One hit wonders can take up to 75% of cache space. BF can help identify so that you can skip caching such items and save cache space.
Check for weak passwords, malicious URLs, username etc. If you want 100% accuracy, check in BF first and fallback to the real data store as required.
In a NoSQL type database, check BF on whether an item exists before going to the disk. Therefore, decrease disk access.
Count min sketch.
Estimate frequency of all elements in a set.
2D array. Each row is for a given hash function, so R hash functions. These functions give a number between 0 and C-1, where C is the number of columns.
Once all elements are added in the stream, how do you find one with the highest frequency?
If you have the superset of all elements, you can make another pass on it and keep track of the most frequent element.
A better solution is to keep a separate min heap.
While adding an element to the sketch, compare its latest frequency with the minimum element in the heap.
If new frequency is higher than minimum in the heap, remove the minimum and add the current element.

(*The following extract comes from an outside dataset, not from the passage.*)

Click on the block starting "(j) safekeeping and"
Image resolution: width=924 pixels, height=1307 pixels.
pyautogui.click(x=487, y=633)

Remember: min heap helps to find top-k elements and vice versa.
Can over-estimate, never under-estimate.
Applications:
Top k elements in a stream. (For e.g., trending products, etc.)
Log log.
Cardinality estimation.
I was thinking one way to estimate cardinality would be to use a bloom filter in conjunction with a counter: when a new item comes, check if it already exists in the filter and, if it isn’t, increase counter by 1.
Should probably work but I could be missing some edge case(s).
Mental model:
Let’s say you hash items such that the binary representation of the result is an X bit number. (X is a design parameter - up to you.) If the hash function is truly random, the bits should be evenly distributed in the result.

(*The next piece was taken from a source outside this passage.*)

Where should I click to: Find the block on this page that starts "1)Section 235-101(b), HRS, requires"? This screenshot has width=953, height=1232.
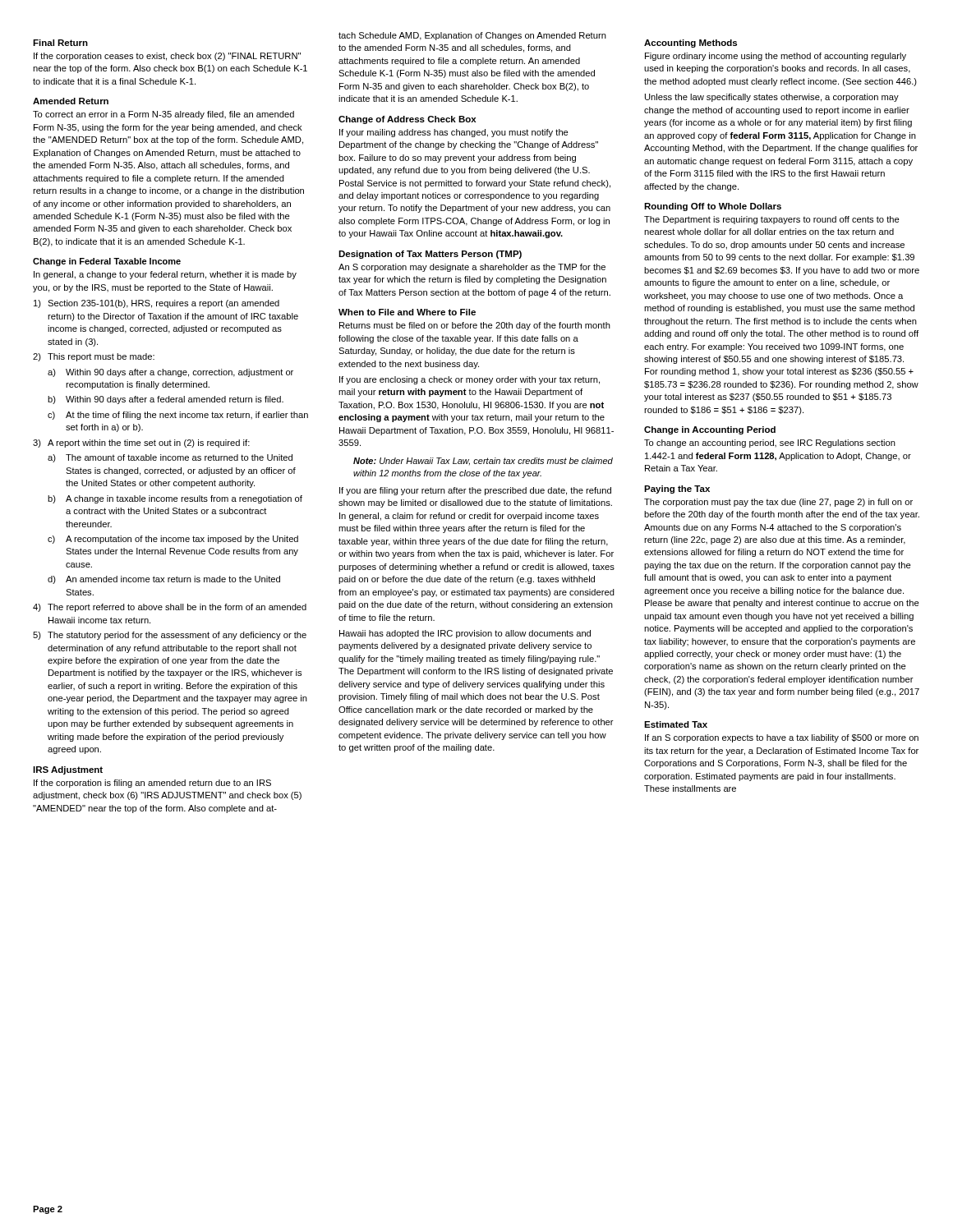(171, 323)

If cardinality of the dataset is N, we expect N/2 items to be 1XXX…, N/4 to be 01XXX…, N/8 to be 001XXX… etc.
If the maximum position of 1 is k from the start, N/2^k is approximately 1. So, cardinality is approximately 2^k.
Randomness can cause issues with the calculation. Two ways to fix it.
Multiple hash functions:
Apply multiple hash functions, each will give some cardinality. Final result is average of all these.
Expensive.
Buckets with single hash function:
Use first Y bits (out of X) to bucketize the results. So, Y == 10 will result in 2^10 buckets.
Use the remaining X-Y bits per the original idea. So, for every bucket, you get some cardinality.
Average the bucket-level cardinality numbers and multiply by 2^Y to get the final result.
There is nothing special about choosing 00…1XX… (i.e. leading zeros). You are free to choose XX…100… (i.e. zeros at the end), 11…0XX… (i.e. leading 1s instead of 0s) etc.
Hyper log log is a variant on top of log-log that decreases error percentage. But the core idea is the same.